Le cuir, c’est de "la peau sans pelage". Son commerce n’est pas plus moral ou plus convenable que celui de la fourrure. Avant que sa peau se retrouve sur nos chaussures, sacs ou blousons, un animal a été tué et dépecé.

Scandale de la vache folle, cochon et poulet à la dioxine... Le grand public ne peut plus ignorer les réalités de l’élevage intensif. Le calvaire est quotidien pour des millions d’animaux de ferme : bovins, porcins, ovins, caprins et chevreaux compris.

Pourtant, la majorité des végétariens, écologistes et amis des animaux continuent à porter du cuir en pensant qu’il n’y a aucun lien entre l’industrie du cuir et celle de la viande. Vous devez toujours avoir à l’esprit que :

Sans l’industrie de la viande et ses dérivés, il n’y aurait pas d’industrie du cuir.

Le commerce du cuir est une industrie très lucrative qui subventionne copieusement les éleveurs et les abattoirs.

En effet, la peau d’un animal peut valoir beaucoup d’argent, les subventions de l’industrie du cuir participent au maintien du prix bas de la viande. S’il y avait une baisse dans la demande de cuir, le prix de la viande augmenterait spectaculairement et par conséquent, beaucoup d’individus diminueraient leur consommation en produits carnés. Ce qui serait une excellente chose pour leur santé et celle des animaux !

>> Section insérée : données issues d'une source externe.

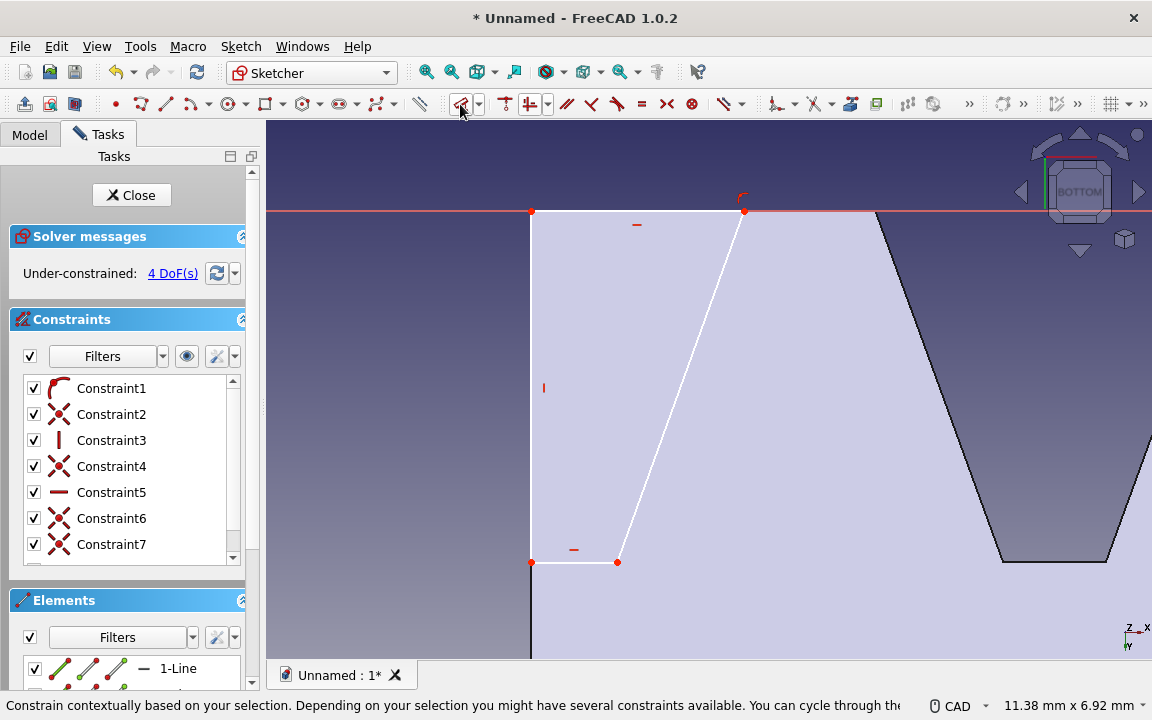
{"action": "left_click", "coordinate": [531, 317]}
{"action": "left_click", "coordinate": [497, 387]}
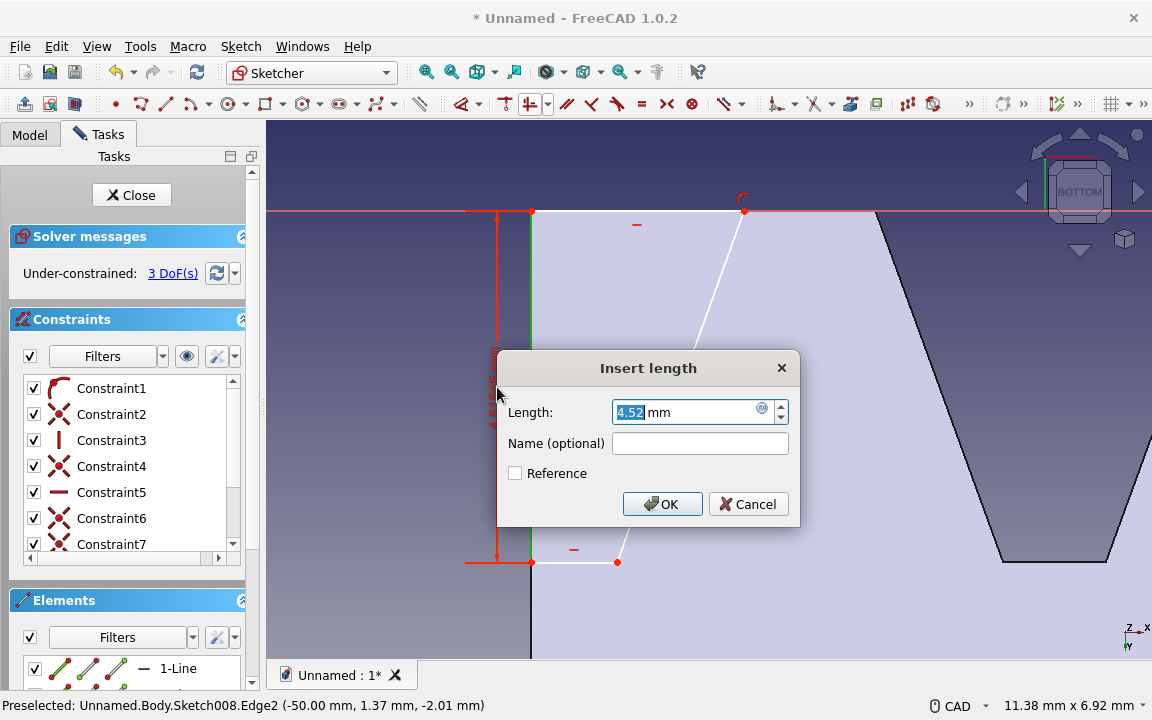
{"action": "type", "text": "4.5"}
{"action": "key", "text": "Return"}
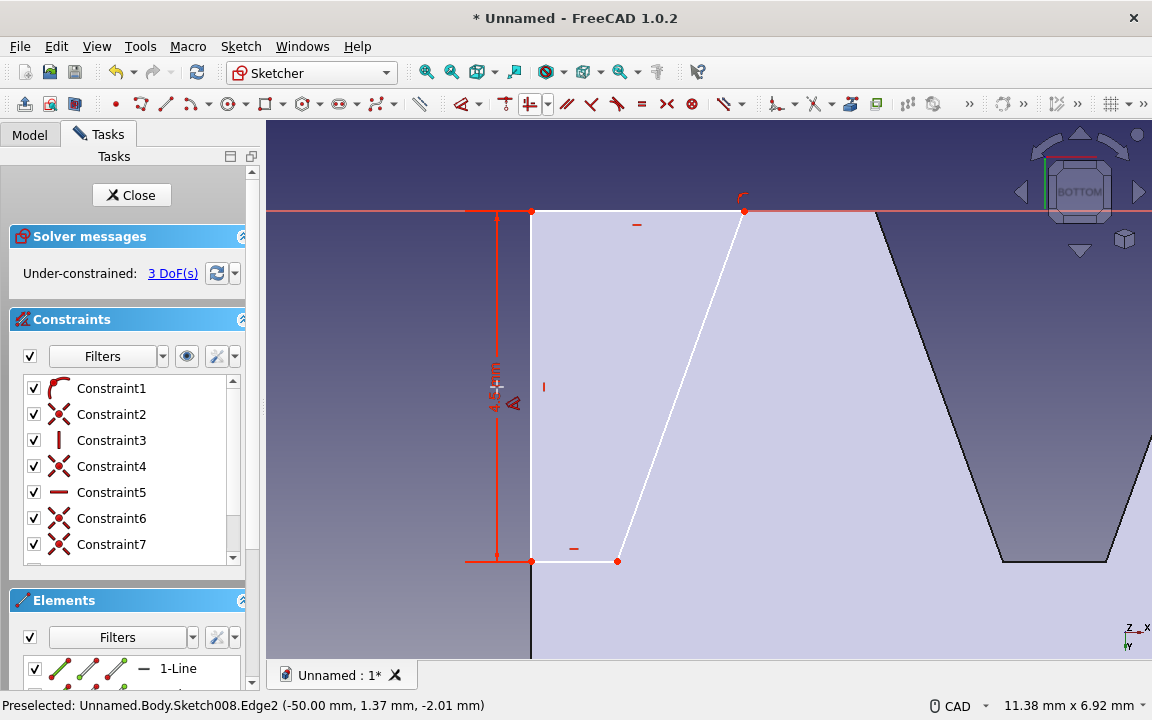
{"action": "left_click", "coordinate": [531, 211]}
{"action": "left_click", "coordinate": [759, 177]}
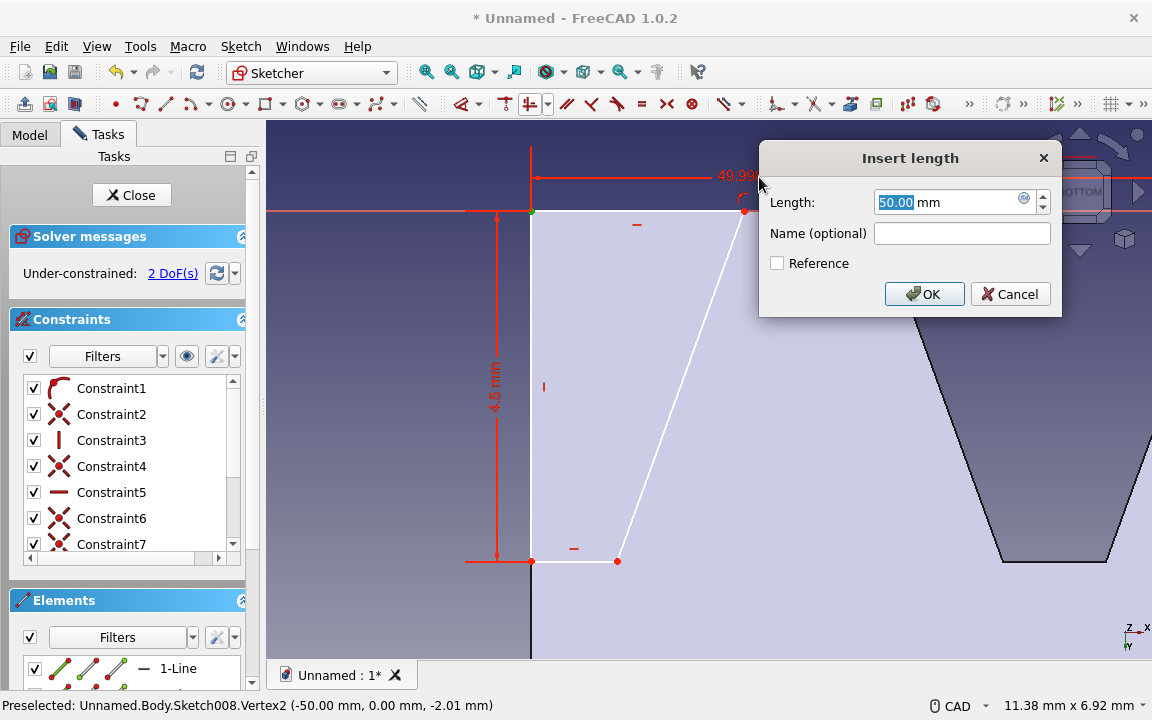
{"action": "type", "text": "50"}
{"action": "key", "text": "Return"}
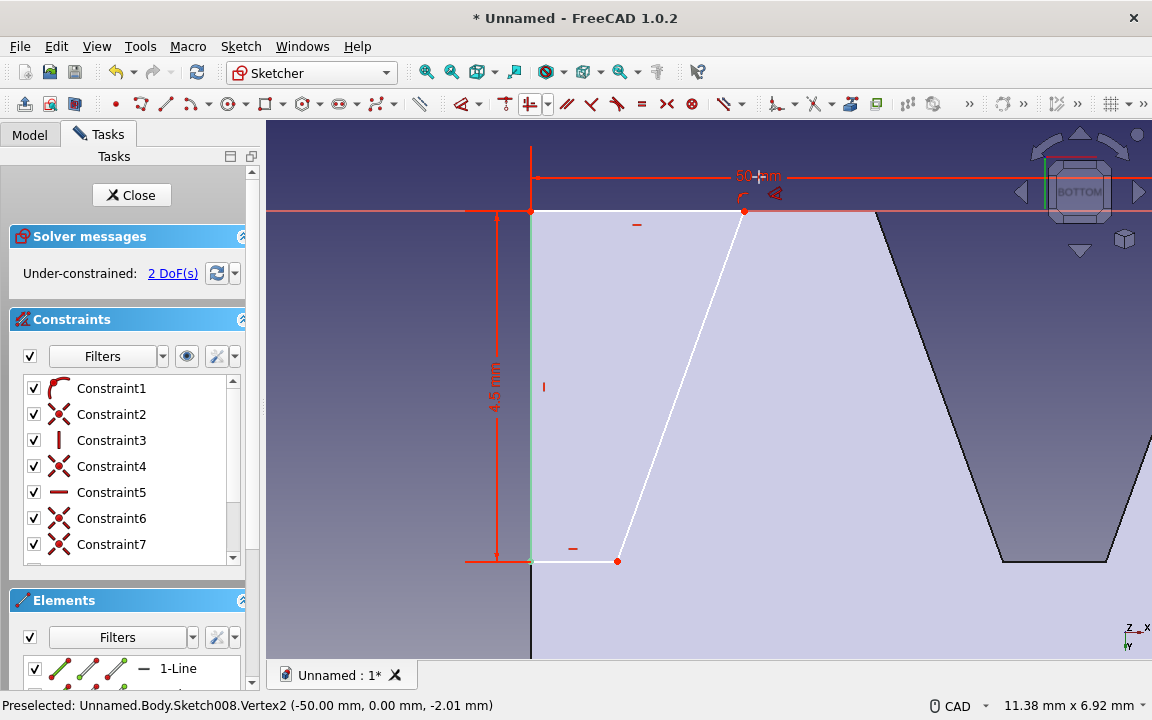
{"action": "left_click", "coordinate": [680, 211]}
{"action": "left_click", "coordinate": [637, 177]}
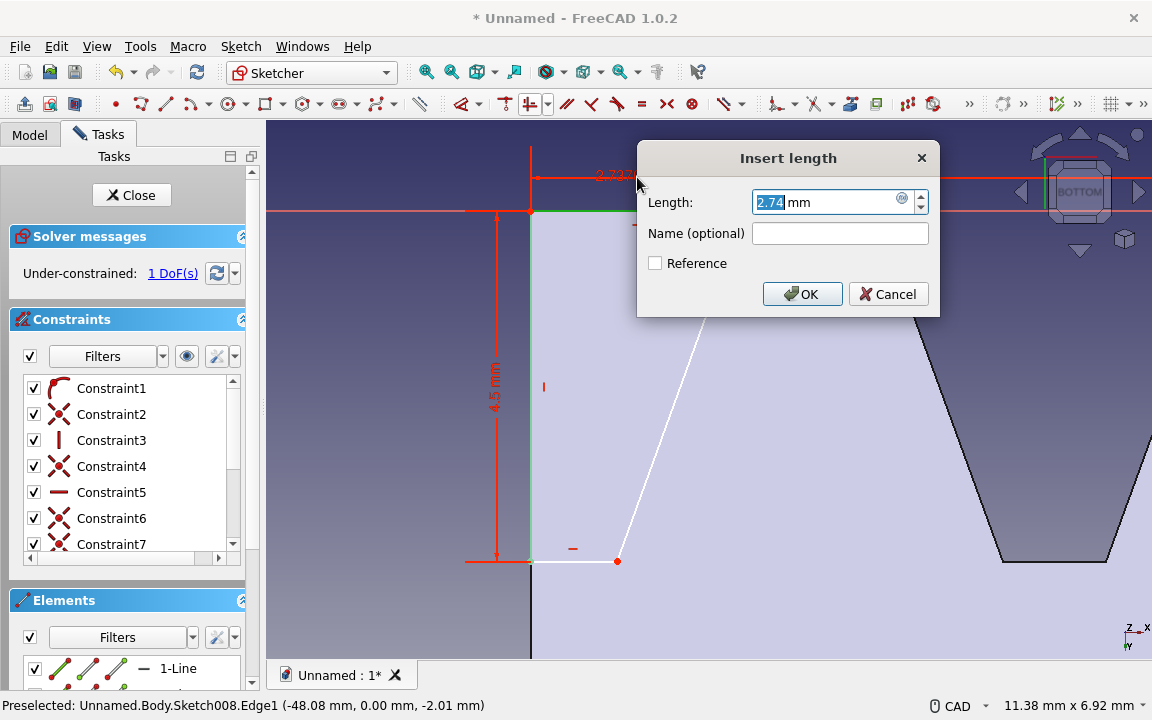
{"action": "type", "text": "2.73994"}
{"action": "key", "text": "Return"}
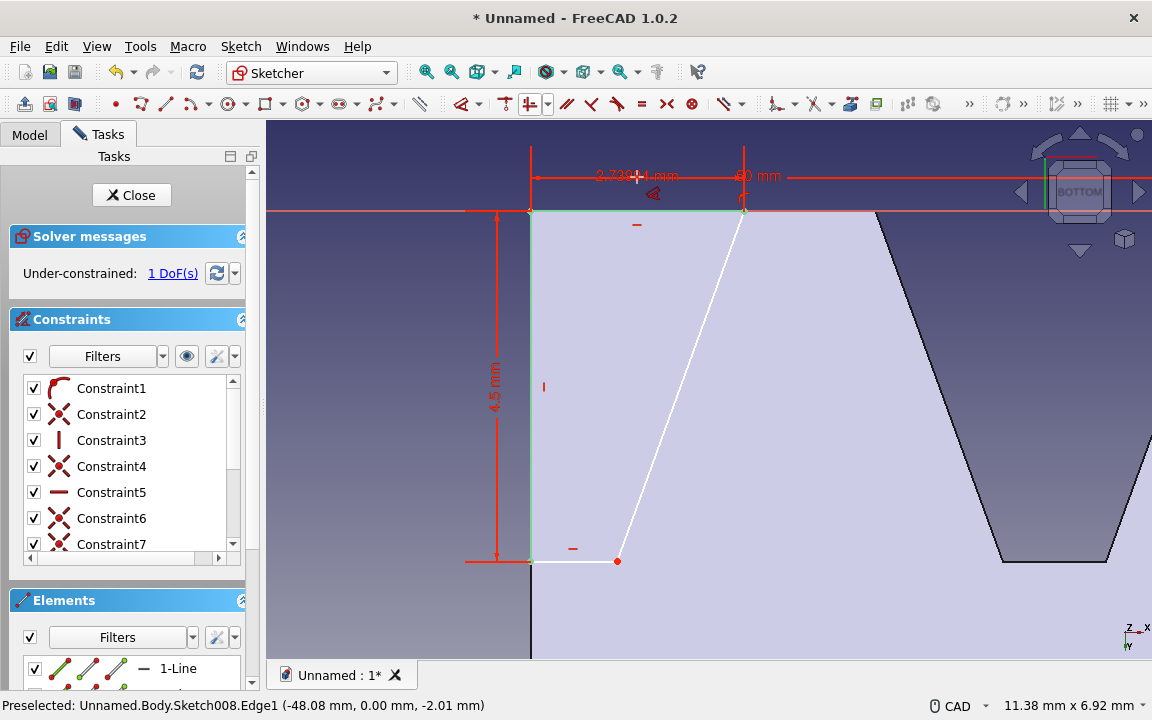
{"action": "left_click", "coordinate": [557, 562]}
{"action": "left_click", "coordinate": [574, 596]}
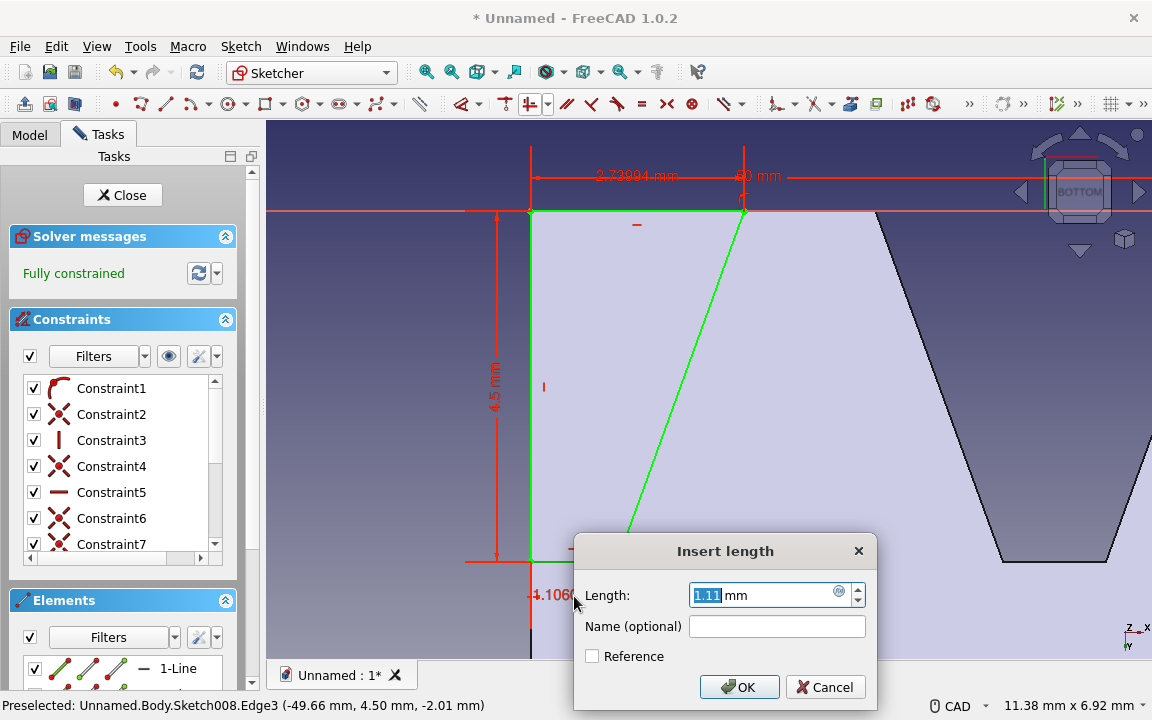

L’industrie du luxe est très friande de peaux d’animaux non-nés de type chevreau, agneau et veau. Ce qui veut dire que la mère, toujours en gestation, est avortée ou abattue. Finalement, ce n’est pas cohérent d’éviter d’acheter de la viande en réaction contre l’exploitation animale et continuer à porter leur peau.

Le Cuir - Mythe n°2 : Le cuir est écologique

Cuir et produits chimiques

La peau est biodégradable, c’est-à-dire qu’elle pourrit et se désagrège rapidement. C’est le processus naturel que subit un cadavre. À l’inverse, les procédés de tannage et de teinture pour arrêter le processus naturel de pourrissement d’une peau sont loin d’être "naturels" et écologiques !

Ces techniques de transformation de la peau en cuir sont extrêmement polluantes pour l’environnement et toxiques pour les travailleurs des tanneries et les habitants vivant à proximité de ces industries, majoritairement situées dans les pays en voie de développement.

En effet, les tanneries ont presque toutes été fermées dans les pays occidentaux (excepté l’Italie) car les lois de protection de l’environnement contraignent ces industries à traiter leurs eaux usées. Au lieu de les mettre aux normes, les industriels ont majoritairement préféré délocaliser leurs tanneries dans les pays du Tiers Monde ou les lois de protection de l’environnement et des travailleurs sont inexistantes.

La majorité des employés des tanneries sont des enfants qui travaillent sans masque, lunettes et gants de protection pour les voies respiratoires, les yeux et la peau.

Pourtant ces gamins manipulent chaque jour des produits toxiques. Les conséquences sont désastreuses sur leur santé. Mais pour l’importateur occidental, seul compte le fait que le cuir fabriqué dans ces pays soit très bon marché.

Les substances employées dans la fabrication de cuir sont :

la chaux, sulfate de sodium, acide formique, acide sulfurique, chrome, plomb, zinc, fer, formaldéhyde, bicarbonate de sodium, divers colorants et résines ainsi que des dérivées de goudron et de charbon. Les teintures et les conservateurs sont majoritairement à base de cyanure.

Tous ces produits seront ensuite directement rejetés dans la rivière, provoquant la destruction des écosystèmes, l’empoisonnement de la faune et l’intoxication de la population humaine locale : avec des cas croissants de cancers, des naissances prématurées avec malformations d’organes et retardements mentaux.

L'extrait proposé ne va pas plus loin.